The pale-skinned pachyderm, thought to be around 11 years old, lives with a 17-strong herd of adult females and youngsters. Tracking the herd's movements could help researchers devise new strategies for the protection and management of Sri Lanka's elephants.

"This is a rare and excellent opportunity for research," says Dayananda Kariyawasam, director-general of the Department of Wildlife Conservation in Sri Lanka, which is now monitoring the animal's progress.

The elephant, named Sue after the Sinhalese word for 'white', has been seen several times in the past few weeks. "She's just hanging around," says veterinary surgeon Vijitha Berera from Sri Lanka's Department of Wildlife Conservation, where the sightings were made. "We hope that she might be pregnant," he adds.

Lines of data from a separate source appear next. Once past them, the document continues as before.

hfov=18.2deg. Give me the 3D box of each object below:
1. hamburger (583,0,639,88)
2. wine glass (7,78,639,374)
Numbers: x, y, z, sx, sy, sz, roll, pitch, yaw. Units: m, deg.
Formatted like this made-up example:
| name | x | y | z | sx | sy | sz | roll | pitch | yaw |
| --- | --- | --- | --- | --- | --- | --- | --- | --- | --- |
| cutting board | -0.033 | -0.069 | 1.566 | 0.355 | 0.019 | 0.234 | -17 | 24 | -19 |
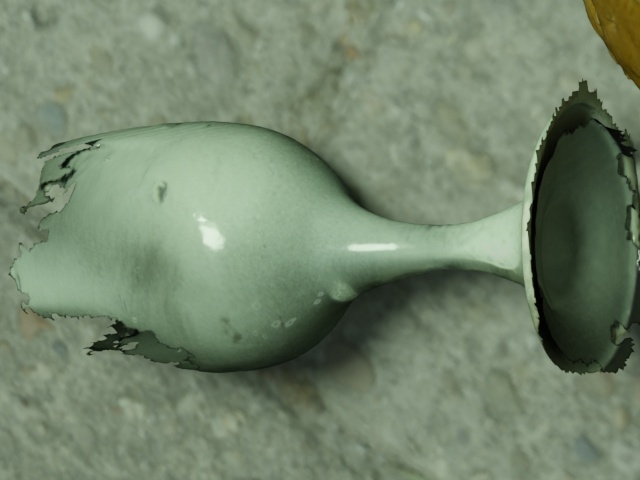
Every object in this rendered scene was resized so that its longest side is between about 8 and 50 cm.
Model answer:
| name | x | y | z | sx | sy | sz | roll | pitch | yaw |
| --- | --- | --- | --- | --- | --- | --- | --- | --- | --- |
| hamburger | 0.200 | -0.085 | 0.870 | 0.208 | 0.135 | 0.155 | 6 | 114 | 35 |
| wine glass | 0.000 | 0.000 | 1.011 | 0.321 | 0.143 | 0.143 | -2 | 105 | 31 |
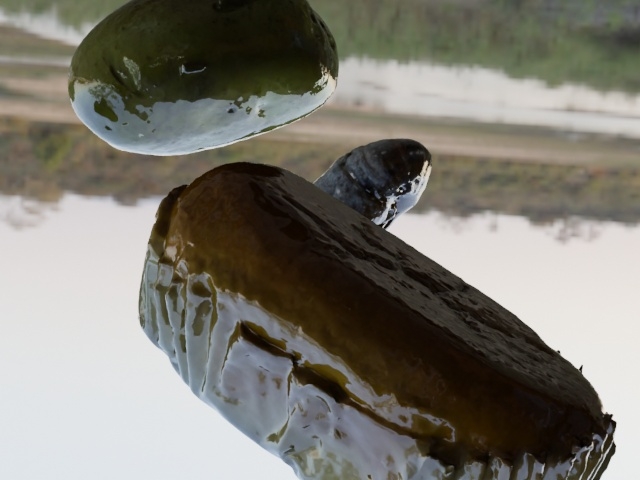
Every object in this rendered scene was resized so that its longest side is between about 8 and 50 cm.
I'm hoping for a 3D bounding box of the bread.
[{"bbox_3d":[0.040,0.085,1.047,0.389,0.183,0.236,28,-152,10],"label":"bread"}]

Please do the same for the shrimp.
[{"bbox_3d":[-0.005,-0.004,1.630,0.343,0.116,0.145,-39,171,19],"label":"shrimp"}]

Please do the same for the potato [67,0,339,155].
[{"bbox_3d":[-0.106,-0.160,1.253,0.228,0.148,0.197,-20,178,14],"label":"potato"}]
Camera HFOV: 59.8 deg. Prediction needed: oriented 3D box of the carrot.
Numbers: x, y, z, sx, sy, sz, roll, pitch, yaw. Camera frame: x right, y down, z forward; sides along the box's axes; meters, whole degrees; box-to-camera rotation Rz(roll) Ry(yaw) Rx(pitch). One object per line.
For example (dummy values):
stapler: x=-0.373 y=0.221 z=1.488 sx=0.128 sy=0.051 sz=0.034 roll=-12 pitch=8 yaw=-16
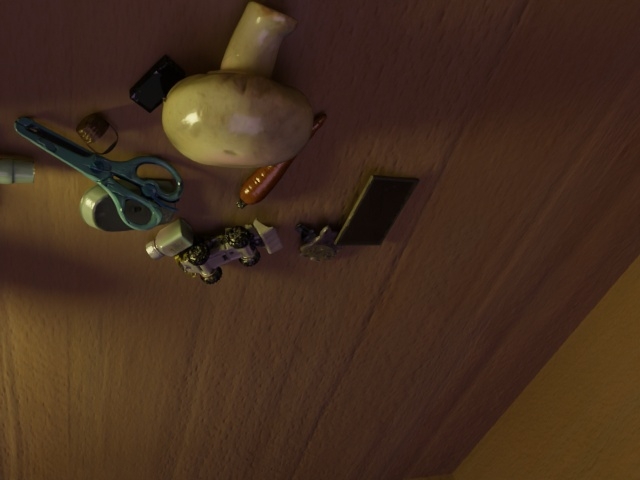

There were rumours of sightings of an albino elephant in the same area about seven years ago, although its existence was never confirmed. Berera believes this to be the same animal.

Dung test

Albinism is extremely rare in the wild. The condition arises when the body fails to produce melanin, the pigment that gives hair, skin and eyes their colour. A variety of genetic mutations lead to the condition, which crops up occasionally in birds, reptiles and mammals.

Researchers are hoping to test dung from the albino elephant to determine which mutation she has.

We hope that she might be pregnant
Vijitha Berera
Centre for Conservation and Research in Colombo
In most cases, the genes for albinism are recessive, meaning that an animal must inherit two copies of the gene (one from each parent) to become albino. So unless the Sri Lankan white elephant finds a male with a similar gene, she is unlikely to give birth to an albino offspring.

But this is becoming more likely, says Mary Pearl, President of the Wildlife Trust. As elephant numbers shrink and inbreeding becomes more common, genetic anomalies are more likely to arise. "So we may see more white elephants in the future."

Although Sue appears healthy, lack of pigment can make some animals susceptible to eye and skin problems. Snowflake, an albino gorilla that lived in Barcelona Zoo in Spain for 37 years, suffered from skin cancer and was put to sleep last year.

Enchanted creature

In Sri Lanka, deforestation is eating away at the elephants' natural habitat. Most of the country's 4,000 elephants dwell outside protected areas and often wander into cultivated areas in search of food.

When this happens, they are often shot, says Berera. About three elephants die per week in this way.

But Berera hopes that the recent discovery will remain safe. "Most people believe that white elephants bring good luck, so she should be left alone," he says.